Sunday, 24 May 2009

A seventh woman?

Back to wonderful John Berger’s book ‘A seventh man’, its title stemming from a data that in 1973, in Germany and Britain every seventh manual worker was an immigrant. If any of you reading this can work out contemporary equivalent of women or men worker I’d be very grateful. I’ll try and gather the data too.

I've found this bit from Berger’s text inspiring:

“A friend came to see me in a dream. From far away. And I asked in the dream: ’Did you come by photograph or train’. All photographs are a form of transport and an expression of absence.”

With his words in mind I am looking at a photograph of one of the 'guest worker' women I interviewed and her friend, taken outside the dorm in Potsdamer Strasse, where they lived in the early 70’s (image above). Dorms were provided by their employers, a modest accommodation they shared with other women, sometimes up to seven women to a room (number seven again). They are leaning on the car, a beautiful Volkswagen Beatle, and I am trying to add colour in my mind to the black and white photograph. The Beatle looks white (or could it be yellow?) and new and shiny. Their dress could be green/blue/orange combination (on the left) and yellow (or white?) and dark blue on the right; the material was probably polyester or acrylic. I can imagine it making static electricity with each movement, so when they touched the car they got a small snap, a tiny bite to the top of their fingertips. I hear them laughing and then leaning on the car, hoping the owner won’t come too soon. I don’t imagine it to be their car. They would have arrived recently to West Berlin, and were saving all their money to send home. They probably felt a tinge of guilt for buying the beautiful dresses, maybe spending their second salary on it. The first one was sent home, with a message that they are fine, treated well, and that they are earning German marks now, their journey and separation from home justified.
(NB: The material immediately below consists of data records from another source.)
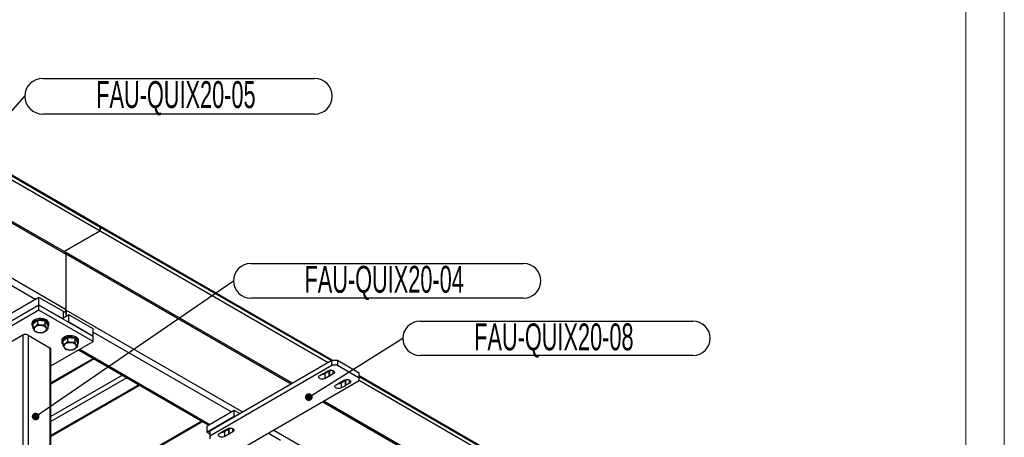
# Model space of a CAD drawing. Header units: millimetres. Extents: x 0 to 841, y 0 to 594.
# Tile 30 of 35: x 713 to 841, y 295 to 350. Entities that reach past the tile are written whole.
import ezdxf

# ---------------------------------------------------------------- set-up
doc = ezdxf.new("R2010")
doc.units = ezdxf.units.MM
doc.layers.add('NOTES', color=6, linetype='Continuous')
doc.layers.add('TRAIT-FORT', color=4, linetype='Continuous', lineweight=25)
doc.styles.add('SLDTEXTSTYLE5', font='TXT', dxfattribs={"width": 0.605})
doc.dimstyles.new('SLDDIMSTYLE2', dxfattribs={"dimtxt": 0.18, "dimasz": 1, "dimexe": 0, "dimexo": 0.0625, "dimgap": 0, "dimtad": 0, "dimtih": 1, "dimtoh": 1, "dimdec": 0, "dimrnd": 1e-09, "dimzin": 0, "dimdsep": 46, "dimtxsty": 'Standard', "dimblk1": 'DOT', "dimblk2": 'DOT', "dimsah": 1, "dimcen": 0.09, "dimadec": 0, "dimazin": 0, "dimtfac": 1, "dimtdec": 0, "dimtofl": 0, "dimtmove": 0, "dimatfit": 3, "dimldrblk": 'DOT', "dimfxl": 0, "dimfrac": 2, "dimtolj": 1, "dimtzin": 0, "dimarcsym": 0})

# ---------------------------------------------------------------- blocks, each defined once
blk = doc.blocks.new('SW_NOTE_4')
at = {"layer": 'NOTES', "color": 0}
for p, q in [((2.32, 2.32), (37.74, 2.32)), ((37.74, -2.32), (2.32, -2.32))]:
    blk.add_line(p, q, dxfattribs=at)
for centre, start, end in [((2.32, 0), 90, 270), ((37.74, 0), 270, 90)]:
    blk.add_arc(centre, 2.32, start, end, dxfattribs=at)
at = {"layer": 'NOTES', "color": 0, "insert": (19.68, 1.97), "char_height": 3.5, "attachment_point": 2, "style": 'SLDTEXTSTYLE5'}
blk.add_mtext('FAU-QUIX20-05', dxfattribs=at)
blk = doc.blocks.new('_Dot')
at = {"color": 0, "linetype": 'ByBlock', "lineweight": -2}
blk.add_line((-0.5, 0), (-1, 0), dxfattribs=at)
at = {"color": 0, "linetype": 'ByBlock', "const_width": 0.5}
blk.add_lwpolyline([(-0.25, 0, 1), (0.25, 0, 1)], format="xyb", close=True, dxfattribs=at)
blk = doc.blocks.new('SW_NOTE_5')
at = {"layer": 'NOTES', "color": 0}
for p, q in [((2.25, 2.25), (37.81, 2.25)), ((37.81, -2.25), (2.25, -2.25))]:
    blk.add_line(p, q, dxfattribs=at)
for centre, start, end in [((2.25, 0), 90, 270), ((37.81, 0), 270, 90)]:
    blk.add_arc(centre, 2.25, start, end, dxfattribs=at)
at = {"layer": 'NOTES', "color": 0, "insert": (19.69, 1.94), "char_height": 3.5, "attachment_point": 2, "style": 'SLDTEXTSTYLE5'}
blk.add_mtext('FAU-QUIX20-08', dxfattribs=at)
blk = doc.blocks.new('SW_NOTE_9')
at = {"layer": 'NOTES', "color": 0}
for p, q in [((2.25, 2.25), (37.81, 2.25)), ((37.81, -2.25), (2.25, -2.25))]:
    blk.add_line(p, q, dxfattribs=at)
for centre, start, end in [((2.25, 0), 90, 270), ((37.81, 0), 270, 90)]:
    blk.add_arc(centre, 2.25, start, end, dxfattribs=at)
at = {"layer": 'NOTES', "color": 0, "insert": (19.64, 1.95), "char_height": 3.5, "attachment_point": 2, "style": 'SLDTEXTSTYLE5'}
blk.add_mtext('FAU-QUIX20-04', dxfattribs=at)

msp = doc.modelspace()

# ---------------------------------------------------------------- linework, layer by layer
at = {"color": 7, "linetype": 'Continuous', "lineweight": 18}
for p, q in [((841, 594), (841, 0)), ((836, 589), (836, 5))]:
    msp.add_line(p, q, dxfattribs=at)
at = {"layer": 'TRAIT-FORT', "color": 4, "linetype": 'Continuous', "lineweight": 25}
for p, q in [((678.4149, 348.6427), (731.3065, 318.109)), ((678.4149, 348.5202), (731.3065, 317.9865)), ((681.8091, 346.5608), (723.1748, 322.6809)), ((718.4714, 319.4758), (673.7837, 345.2735)), ((681.8091, 346.0708), (723.1748, 322.1909)), ((673.6079, 345.172), (718.72, 319.1293)), ((667.3843, 341.5792), (718.72, 311.9438)), ((666.5357, 341.0893), (714.7602, 313.2499)), ((718.4715, 319.4757), (723.1749, 322.1909)), ((723.1748, 322.1909), (718.4715, 319.4758)), ((723.1748, 322.1909), (723.1748, 322.6809)), ((723.1748, 322.6808), (723.1749, 322.6808)), ((723.1749, 322.6808), (723.1749, 322.1909)), ((723.1749, 322.6808), (753.2989, 305.2906)), ((723.1749, 322.1909), (752.8745, 305.0456)), ((718.72, 319.3801), (718.6417, 319.3349)), ((718.72, 319.211), (718.7098, 319.2051)), ((748.2126, 302.3544), (718.72, 319.3801)), ((718.72, 319.3801), (718.72, 319.211)), ((718.72, 319.211), (718.72, 319.3801)), ((718.72, 311.8621), (718.72, 319.211)), ((718.72, 319.211), (748.0661, 302.2698)), ((718.72, 311.9438), (718.72, 319.1293)), ((731.3065, 317.9865), (731.3065, 318.109)), ((731.3065, 318.1089), (731.3066, 318.109)), ((731.3066, 318.109), (731.3066, 317.9865)), ((731.3066, 318.109), (753.4417, 305.3307)), ((731.3066, 317.9865), (753.2989, 305.2906)), ((715.1845, 313.4949), (704.5779, 307.3718)), ((715.1845, 312.515), (715.1845, 313.4949)), ((718.3665, 311.6579), (715.1845, 313.4949)), ((715.1845, 312.515), (704.5779, 306.392)), ((715.1845, 311.8618), (704.5779, 305.7387)), ((715.1845, 311.8618), (715.1845, 312.515)), ((722.2555, 308.433), (715.1845, 312.515)), ((718.3665, 310.6781), (715.1845, 312.515)), ((722.2555, 307.7797), (715.1845, 311.8618)), ((718.72, 311.8621), (718.7056, 311.8538)), ((718.72, 311.8621), (718.72, 311.0456)), ((718.72, 311.0456), (718.72, 311.8621)), ((718.72, 311.8621), (741.7012, 298.5954)), ((718.3665, 310.6781), (718.3665, 311.6579)), ((718.3665, 311.5367), (718.4714, 311.5973)), ((719.0736, 311.2497), (718.3665, 310.8415)), ((718.72, 311.0456), (718.3665, 310.8415)), ((719.0736, 310.2699), (719.0736, 311.2497)), ((722.2555, 309.4128), (719.0736, 311.2497)), ((714.2613, 310.1269), (714.2613, 309.9636)), ((714.9921, 310.4886), (714.3891, 310.0415)), ((714.3891, 310.0415), (714.3891, 309.552)), ((714.9921, 310.4886), (714.9921, 309.9991)), ((715.9643, 310.4107), (714.9921, 310.4886)), ((715.9643, 310.4107), (715.9643, 309.9211)), ((715.9643, 310.4107), (716.3334, 309.8857)), ((716.3334, 309.8857), (716.3334, 309.3961)), ((716.4613, 309.9636), (716.4613, 310.1269)), ((722.2555, 308.433), (719.0736, 310.2699)), ((722.2555, 308.433), (722.2555, 309.4128)), ((713.0633, 308.5961), (710.235, 306.9633)), ((713.0633, 308.5961), (713.0633, 285.3247)), ((713.7704, 308.5961), (716.5987, 306.9633)), ((713.7704, 308.5961), (713.7704, 285.3247)), ((718.8812, 308.2435), (718.2782, 307.7964)), ((718.8812, 308.2435), (718.8812, 307.7539)), ((719.8533, 308.1655), (718.8812, 308.2435)), ((719.8533, 308.1655), (719.8533, 307.676)), ((719.8533, 308.1655), (720.2225, 307.6405)), ((722.2555, 309.0046), (740.2868, 298.5954)), ((722.2555, 307.7797), (722.2555, 308.433)), ((716.5987, 306.9633), (716.5987, 283.692)), ((716.7451, 304.5987), (722.2555, 307.7797)), ((716.7451, 283.6075), (716.7451, 306.7592)), ((718.1503, 307.8818), (718.1503, 307.7185)), ((718.2782, 307.7964), (718.2782, 307.3069)), ((720.2225, 307.6405), (720.2225, 307.151)), ((720.3503, 307.7185), (720.3503, 307.8818)), ((720.488, 306.7594), (737.4583, 296.9626)), ((722.2737, 305.5595), (716.7451, 302.3679)), ((722.3909, 305.4918), (716.7451, 302.2326)), ((720.3416, 306.6748), (737.3119, 296.8781)), ((737.4583, 296.1461), (753.3682, 305.3307)), ((737.4583, 295.4928), (753.3682, 304.6774)), ((753.3682, 304.6774), (753.3682, 305.3307)), ((753.3682, 305.3307), (754.0753, 305.3307)), ((754.0753, 304.6774), (753.3682, 304.6774)), ((754.0753, 305.3307), (754.0753, 304.6774)), ((754.0753, 305.3307), (756.9038, 303.6978)), ((754.0753, 304.6774), (756.9038, 303.0446)), ((726.0684, 303.3688), (716.7451, 297.9866)), ((726.6341, 303.0422), (716.7451, 297.3334)), ((751.7776, 303.3506), (752.2921, 303.6476)), ((752.3237, 303.6658), (752.8383, 303.9629)), ((752.9985, 303.893), (752.484, 303.596)), ((752.484, 302.9428), (752.484, 303.596)), ((752.9985, 303.2398), (752.484, 302.9428)), ((752.9985, 303.2398), (752.9985, 303.893)), ((753.261, 304.0445), (753.0301, 303.9113)), ((753.0301, 303.9113), (753.0301, 303.258)), ((753.5447, 303.5551), (753.0301, 303.258)), ((753.5447, 303.5551), (753.5447, 303.9629)), ((756.9038, 303.0446), (756.9038, 303.6978)), ((756.9038, 303.332), (795.2997, 281.1665)), ((756.9038, 303.2095), (795.2997, 281.044)), ((756.9038, 302.6364), (756.9038, 303.0446)), ((728.1898, 302.1442), (716.7451, 295.5373)), ((716.7451, 295.4021), (728.3069, 302.0765)), ((756.9038, 302.6364), (740.9939, 293.4518)), ((753.8989, 302.1259), (754.4134, 302.423)), ((754.4451, 302.4412), (754.9596, 302.7382)), ((755.1198, 302.6684), (754.6053, 302.3714)), ((754.6053, 301.7181), (754.6053, 302.3714)), ((755.1198, 302.0152), (754.6053, 301.7181)), ((755.1198, 302.0152), (755.1198, 302.6684)), ((755.3823, 302.8199), (755.1515, 302.6867)), ((755.1515, 302.6867), (755.1515, 302.0334)), ((755.666, 302.3305), (755.1515, 302.0334)), ((755.666, 302.3305), (755.666, 302.7382)), ((756.9038, 302.7196), (795.2997, 280.5541)), ((752.1675, 299.9022), (790.8449, 277.5742)), ((790.6378, 277.8629), (752.3139, 299.9867)), ((740.6403, 298.7995), (737.1048, 296.7585)), ((740.6403, 297.983), (737.1048, 295.942)), ((740.6403, 297.983), (740.6403, 298.7995)), ((741.3475, 298.3912), (740.6403, 298.7995)), ((736.533, 297.3277), (717.6593, 286.4322)), ((736.4158, 297.3954), (717.7422, 286.6153)), ((737.1048, 295.942), (737.1048, 296.7585)), ((740.1795, 296.4927), (739.9487, 296.3595)), ((737.1048, 295.942), (737.4583, 295.7379)), ((737.4583, 296.1461), (737.4583, 295.4928)), ((737.4583, 295.4928), (737.4583, 295.0846)), ((738.6961, 295.7988), (739.2107, 296.0958)), ((739.2423, 296.1141), (739.7568, 296.4111)), ((739.9171, 296.3412), (739.4025, 296.0442)), ((739.4025, 295.391), (739.4025, 296.0442)), ((739.9171, 295.688), (739.4025, 295.391)), ((739.9171, 295.688), (739.9171, 296.3412)), ((739.9487, 296.3595), (739.9487, 295.7063)), ((740.4632, 296.0033), (739.9487, 295.7063)), ((740.4632, 296.0033), (740.4632, 296.4111)), ((745.0953, 295.8195), (746.6609, 294.9157)), ((745.8025, 296.2277), (790.8449, 270.2253))]:
    msp.add_line(p, q, dxfattribs=at)
at = {"layer": 'TRAIT-FORT', "color": 4, "linetype": 'Continuous', "lineweight": 25, "flags": 128}
for points in [[(716.4613, 310.1269), (716.4579, 310.1765), (716.4249, 310.2887), (716.3578, 310.3958), (716.2586, 310.4942), (716.1306, 310.5808), (715.9779, 310.6528), (715.8053, 310.7079), (715.6185, 310.7443), (715.4234, 310.7609), (715.2263, 310.7571), (715.0335, 310.7331), (714.8513, 310.6896), (714.6854, 310.628), (714.5413, 310.5502), (714.4236, 310.4589), (714.336, 310.3569), (714.2813, 310.2476), (714.2613, 310.1343), (714.2613, 310.1269)], [(716.3361, 309.6694), (716.3467, 309.6815), (716.4181, 309.7876), (716.4556, 309.8993), (716.4579, 310.0132), (716.4249, 310.1254), (716.3578, 310.2325), (716.2586, 310.3309), (716.1306, 310.4175), (715.9779, 310.4895), (715.8053, 310.5446), (715.6185, 310.581), (715.4234, 310.5976), (715.2263, 310.5938), (715.0335, 310.5698), (714.8513, 310.5263), (714.6854, 310.4646), (714.5413, 310.3869), (714.4236, 310.2956), (714.336, 310.1936), (714.2813, 310.0842), (714.2613, 309.971), (714.2767, 309.8575), (714.327, 309.7474), (714.3891, 309.6665)], [(715.9984, 309.1056), (716.0876, 309.1884), (716.1451, 309.28), (716.1683, 309.3765), (716.1563, 309.4737), (716.1095, 309.5674), (716.03, 309.6533), (715.9212, 309.7279), (715.788, 309.7878), (715.6362, 309.8303), (715.4723, 309.8538), (715.3036, 309.857), (715.1374, 309.8399), (714.981, 309.8033), (714.8412, 309.7486), (714.7241, 309.6784), (714.6349, 309.5957), (714.5774, 309.5041), (714.5542, 309.4075), (714.5662, 309.3103), (714.613, 309.2167), (714.6925, 309.1307), (714.8013, 309.0562), (714.9345, 308.9963), (715.0863, 308.9537), (715.2502, 308.9303), (715.4189, 308.9271), (715.5851, 308.9441), (715.7415, 308.9808), (715.8813, 309.0354), (715.9984, 309.1056)], [(720.3503, 307.8818), (720.347, 307.9314), (720.314, 308.0436), (720.2469, 308.1507), (720.1477, 308.2491), (720.0197, 308.3357), (719.8669, 308.4077), (719.6944, 308.4628), (719.5076, 308.4992), (719.3125, 308.5158), (719.1154, 308.512), (718.9226, 308.488), (718.7404, 308.4444), (718.5745, 308.3828), (718.4304, 308.3051), (718.3127, 308.2138), (718.225, 308.1118), (718.1704, 308.0024), (718.1504, 307.8892), (718.1503, 307.8818)], [(720.2225, 307.4214), (720.2358, 307.4363), (720.3072, 307.5424), (720.3447, 307.6542), (720.347, 307.7681), (720.314, 307.8803), (720.2469, 307.9873), (720.1477, 308.0857), (720.0197, 308.1723), (719.8669, 308.2444), (719.6944, 308.2995), (719.5076, 308.3359), (719.3125, 308.3525), (719.1154, 308.3487), (718.9226, 308.3247), (718.7404, 308.2811), (718.5745, 308.2195), (718.4304, 308.1418), (718.3127, 308.0505), (718.225, 307.9485), (718.1704, 307.8391), (718.1504, 307.7259), (718.1658, 307.6124), (718.2161, 307.5023), (718.2782, 307.4214)], [(719.8875, 306.8605), (719.9767, 306.9432), (720.0342, 307.0349), (720.0574, 307.1314), (720.0453, 307.2286), (719.9985, 307.3222), (719.919, 307.4082), (719.8103, 307.4828), (719.6771, 307.5426), (719.5253, 307.5852), (719.3614, 307.6086), (719.1927, 307.6119), (719.0265, 307.5948), (718.8701, 307.5581), (718.7303, 307.5035), (718.6132, 307.4333), (718.524, 307.3506), (718.4665, 307.2589), (718.4433, 307.1624), (718.4553, 307.0652), (718.5021, 306.9716), (718.5816, 306.8856), (718.6904, 306.8111), (718.8235, 306.7512), (718.9754, 306.7086), (719.1393, 306.6852), (719.308, 306.6819), (719.4742, 306.699), (719.6306, 306.7357), (719.7704, 306.7903), (719.8875, 306.8605)], [(752.484, 302.9428), (752.3702, 302.8936), (752.237, 302.8649), (752.0952, 302.859), (751.9562, 302.8765), (751.8315, 302.9158), (751.7309, 302.9738), (751.6628, 303.0459), (751.6326, 303.1261), (751.6427, 303.2079), (751.6924, 303.2848), (751.7776, 303.3506)], [(752.8383, 303.9629), (752.9521, 304.012), (753.0853, 304.0407), (753.2271, 304.0466), (753.366, 304.0291), (753.4908, 303.9898), (753.5913, 303.9318), (753.6595, 303.8597), (753.6897, 303.7795), (753.6795, 303.6977), (753.6299, 303.6208), (753.5447, 303.5551)], [(754.6053, 301.7181), (754.4915, 301.669), (754.3583, 301.6403), (754.2165, 301.6344), (754.0776, 301.6519), (753.9528, 301.6912), (753.8523, 301.7492), (753.7841, 301.8213), (753.7539, 301.9015), (753.764, 301.9833), (753.8137, 302.0602), (753.8989, 302.1259)], [(754.9596, 302.7382), (755.0734, 302.7874), (755.2066, 302.8161), (755.3484, 302.822), (755.4873, 302.8045), (755.6121, 302.7652), (755.7127, 302.7072), (755.7808, 302.6351), (755.811, 302.5549), (755.8009, 302.4731), (755.7512, 302.3962), (755.666, 302.3305)], [(739.7568, 296.4111), (739.8706, 296.4603), (740.0038, 296.489), (740.1456, 296.4948), (740.2845, 296.4774), (740.4093, 296.438), (740.5099, 296.38), (740.578, 296.308), (740.6082, 296.2278), (740.5981, 296.1459), (740.5484, 296.069), (740.4632, 296.0033)], [(739.4025, 295.391), (739.2887, 295.3418), (739.1555, 295.3131), (739.0137, 295.3073), (738.8748, 295.3247), (738.75, 295.364), (738.6495, 295.4221), (738.5813, 295.4941), (738.5511, 295.5743), (738.5612, 295.6562), (738.6109, 295.7331), (738.6961, 295.7988)]]:
    msp.add_lwpolyline(points, dxfattribs=at)
at = {"layer": 'TRAIT-FORT', "color": 4, "linetype": 'Continuous', "lineweight": 25}
for centre, radius, start, end in [((713.4168, 307.9137), 0.7685, 62.609672, 117.390328), ((716.4949, 306.7343), 0.2515, 5.694799, 65.625342), ((752.1339, 304.2734), 0.7625, 264.53612, 297.330939), ((752.5434, 303.2488), 0.4713, 117.777821, 122.216802), ((752.7789, 304.31), 0.4713, 297.777821, 302.216802), ((752.7789, 303.6568), 0.4713, 297.777821, 302.216802), ((754.2552, 303.0488), 0.7625, 264.53612, 297.330939), ((754.6647, 302.0242), 0.4713, 117.777821, 122.216802), ((754.9002, 303.0854), 0.4713, 297.777821, 302.216802), ((754.9002, 302.4322), 0.4713, 297.777821, 302.216802), ((739.0524, 296.7216), 0.7625, 264.53612, 297.330939), ((739.4619, 295.6971), 0.4713, 117.777821, 122.216802), ((739.6974, 296.7582), 0.4713, 297.777821, 302.216802), ((739.6974, 296.105), 0.4713, 297.777821, 302.216802)]:
    msp.add_arc(centre, radius, start, end, dxfattribs=at)
for centre, start_param, end_param in [((717.8715, 319.1293), 0, 0.78547943), ((717.8715, 319.1293), 0, 0.78547943), ((717.8715, 311.9438), 5.33521557, 6.28318531), ((717.8715, 311.9438), 5.33521557, 6.28318531)]:
    msp.add_ellipse(centre, major_axis=(0.8485, 0), ratio=0.57738155, start_param=start_param, end_param=end_param, dxfattribs=at)
for points, knots in [([(714.9921, 309.9991), (714.9154, 309.9174), (714.7885, 309.7823), (714.6044, 309.6496), (714.4806, 309.5863), (714.4094, 309.5596), (714.3891, 309.552)], [0, 0, 0, 0, 0.38554949, 0.63764185, 0.89654625, 1, 1, 1, 1]), ([(714.7582, 309.027), (714.7262, 309.0547), (714.6614, 309.1106), (714.5655, 309.2338), (714.4737, 309.3837), (714.4175, 309.4956), (714.3891, 309.552)], [0, 0, 0, 0, 0.26460494, 0.53494775, 0.76534313, 1, 1, 1, 1]), ([(715.9643, 309.9211), (715.8799, 309.91), (715.7093, 309.8875), (715.4565, 309.8945), (715.2149, 309.9333), (715.0668, 309.977), (714.9921, 309.9991)], [0, 0, 0, 0, 0.26460494, 0.53494775, 0.76534313, 1, 1, 1, 1]), ([(716.3334, 309.3961), (716.2567, 309.3144), (716.1298, 309.1793), (715.9458, 309.0467), (715.822, 308.9834), (715.7507, 308.9567), (715.7304, 308.9491)], [0, 0, 0, 0, 0.38554949, 0.63764185, 0.89654625, 1, 1, 1, 1]), ([(715.9643, 309.9211), (715.9963, 309.8576), (716.0611, 309.7293), (716.157, 309.5796), (716.2488, 309.4686), (716.305, 309.4204), (716.3334, 309.3961)], [0, 0, 0, 0, 0.264604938, 0.534947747, 0.765343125, 1, 1, 1, 1]), ([(714.7582, 309.027), (714.8426, 309.0023), (715.0132, 308.9525), (715.266, 308.9189), (715.5076, 308.919), (715.6557, 308.939), (715.7304, 308.9491)], [0, 0, 0, 0, 0.264604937, 0.534947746, 0.765343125, 1, 1, 1, 1]), ([(718.8812, 307.7539), (718.8045, 307.6723), (718.6776, 307.5372), (718.4935, 307.4045), (718.3697, 307.3412), (718.2985, 307.3145), (718.2782, 307.3069)], [0, 0, 0, 0, 0.38554949, 0.63764185, 0.89654625, 1, 1, 1, 1]), ([(718.6473, 306.7819), (718.6153, 306.8095), (718.5505, 306.8655), (718.4545, 306.9887), (718.3628, 307.1386), (718.3066, 307.2504), (718.2782, 307.3069)], [0, 0, 0, 0, 0.26460494, 0.53494775, 0.76534313, 1, 1, 1, 1]), ([(718.6473, 306.7819), (718.7317, 306.7572), (718.9023, 306.7073), (719.155, 306.6738), (719.3966, 306.6739), (719.5448, 306.6939), (719.6195, 306.7039)], [0, 0, 0, 0, 0.264604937, 0.534947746, 0.765343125, 1, 1, 1, 1]), ([(719.8533, 307.676), (719.769, 307.6649), (719.5984, 307.6423), (719.3456, 307.6494), (719.104, 307.6882), (718.9559, 307.7319), (718.8812, 307.7539)], [0, 0, 0, 0, 0.26460494, 0.53494775, 0.76534313, 1, 1, 1, 1]), ([(720.2225, 307.151), (720.1458, 307.0693), (720.0189, 306.9342), (719.8349, 306.8016), (719.711, 306.7383), (719.6398, 306.7116), (719.6195, 306.7039)], [0, 0, 0, 0, 0.38554949, 0.63764185, 0.89654625, 1, 1, 1, 1]), ([(719.8533, 307.676), (719.8854, 307.6125), (719.9502, 307.4842), (720.0461, 307.3345), (720.1379, 307.2234), (720.1941, 307.1753), (720.2225, 307.151)], [0, 0, 0, 0, 0.264604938, 0.534947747, 0.765343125, 1, 1, 1, 1])]:
    msp.add_open_spline(points, degree=3, knots=knots, dxfattribs=at)

# ---------------------------------------------------------------- block references
at = {"layer": 'NOTES', "color": 211}
for name, p in [('SW_NOTE_4', (713.3515, 339.7226)), ('SW_NOTE_9', (740.5313, 315.6763)), ('SW_NOTE_5', (762.6022, 308.1831))]:
    msp.add_blockref(name, p, dxfattribs=at)

# ---------------------------------------------------------------- leaders
for points in [[(704.7964, 330.143), (713.3515, 339.7226)], [(714.7481, 297.9987), (740.5313, 315.6763)], [(750.35, 300.5227), (762.6022, 308.1831)]]:
    msp.add_leader(points, dimstyle='SLDDIMSTYLE2', dxfattribs=at)

doc.saveas('drawing.dxf')

Metaphorically, they arrived in this Beatle. Stories of wealth and new opportunities have certainly influenced and still have an impact on decisions to pack ones bag and set on a journey. They traveled in the back of the car, dreaming of a moment when they will be behind the steering wheel. And they arrived not only in 1970 but again in 2009, they came in the timeless Beatle into my own life, and into my own story of migration and travel. And now I see them looking at me, and images which are neither theirs nor mine are showing themselves to me. In this translation between their wor(l)ds and mine, a (hi)story is emerging and their absence from all these years is demanding presence. They are here, they have arrived.